Last year, frustrated fans complained when Auburn used a one-back set and Evans wasn’t getting any playing time. The coaches even practiced him on defense before finally letting him run at tailback late in the season. He responded by becoming the team’s leading rusher with 330 yards. Last spring, however, the Tigers signed junior college transfer Rudi Johnson at tailback, moving Evans back to a blocking fullback. Though he’s had only a limited number of carries this season, he has no negative yardage. Somehow, he bulldozes his way through would-be tacklers every time he gets the ball.
   
“That’s not me, that’s the anointing of the Holy Spirit,” he said. “I definitely think that my strength and power out there on that field is the Holy Spirit.” Evans said the ups and downs in his football career have strengthened his faith and deepened his love for the Lord.
   
“The last four years, the Lord has been taking me from a boy to a man, to someone that wants to draw closer to Him,” he said. “My freshman year when I broke my ankle I really had to go through a lot those five and a half weeks. It’s been a lot of mountains and valleys. I was dealing with a lot more than not playing football. There was a lot of stuff I was trying to get right spiritually in my life. The Lord was trying to get my attention through that. And He got it.”
   
Evidence of Evans’ spiritual leadership can be seen in the team’s Friday night prayer meeting.
   
Last year, while the Tigers were limping through their second straight losing season, Evans called for a special prayer meeting the Friday night before the Central Florida game. The team was disjointed and dysfunctional. Still recovering from losing head coach Terry Bowden midseason the year before, the team was struggling to learn a new system under new head coach Tommy Tuberville.
   
The team has continued the meetings, with Evans at the helm. Each Friday night before game day, almost every member of the team and most of the coaches meet to pray, read Scripture and listen to personal testimonies.
   
Players gather in small groups around each coach, lay hands on him and pray. If a player is hurt or sick, they are prayed for, as well.
   
“Forgiveness of sins, financial problems, family members who are sick, you name it and we talk about it at those meetings,” said senior linebacker Rob Pate. “There are no holds barred, we talk about everything.
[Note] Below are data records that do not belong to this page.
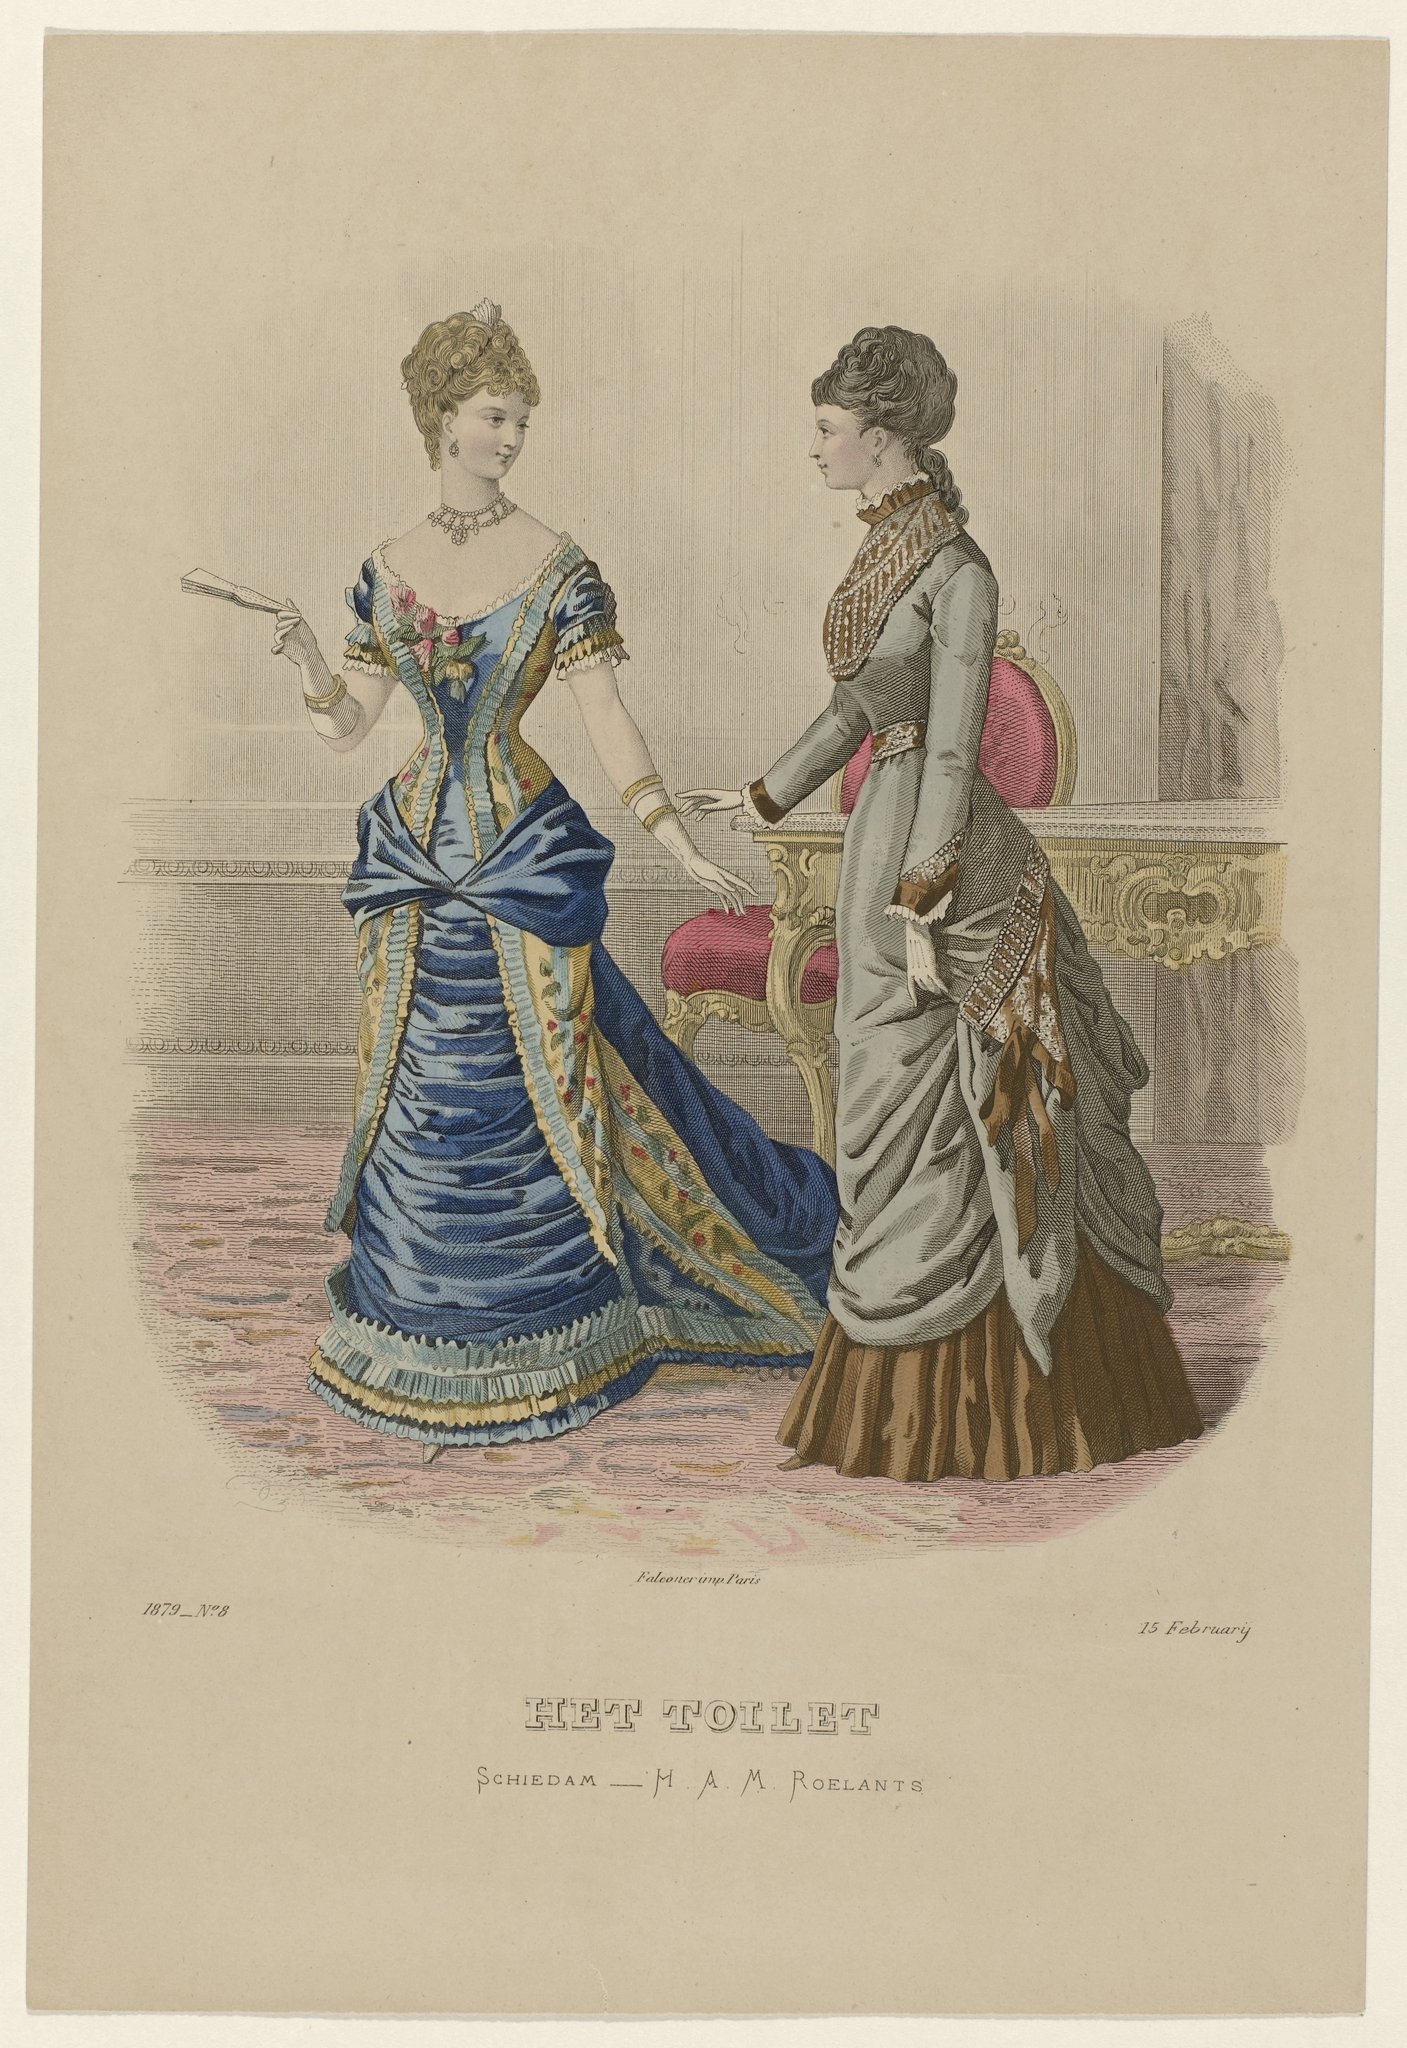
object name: fashion print
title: Het Toilet, 15 februari 1879, No. 8
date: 1879
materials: paper
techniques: engraving, hand coloring
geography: paris
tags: dress, gown: evening dress (+ women's clothes), fashion plates
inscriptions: caption: ‘HET TOILET / SCHIEDAM - H.A.M. ROELANTS’
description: Prent uit het modetijdschrift Het Toilet (1877-?).

Grown men are in there crying. Guys are in there pouring their hearts out, telling you things that are hurting them. You’re sitting there listening to it and when you line up on Saturdays it makes it that much more precious to you and you know that that person’s going to get the job done.”
   
Evans, who has never tried alcohol or drugs and believes in sexual abstinence outside of marriage, said he falls more in love with Jesus each day.
   
“He shows me more of His face every day,” he said. “It’s a daily walk, and a daily stepping aside and saying I surrender a little bit more every day. I finally came to the point last season where I just got on my face every day and said, ‘Lord, I can’t even ask You for anything anymore. I just want to know You. I want to be in Your presence.’ It’s an awesome thing to be in His presence. I don’t want to ever get outside His will. I mean, what else is there?”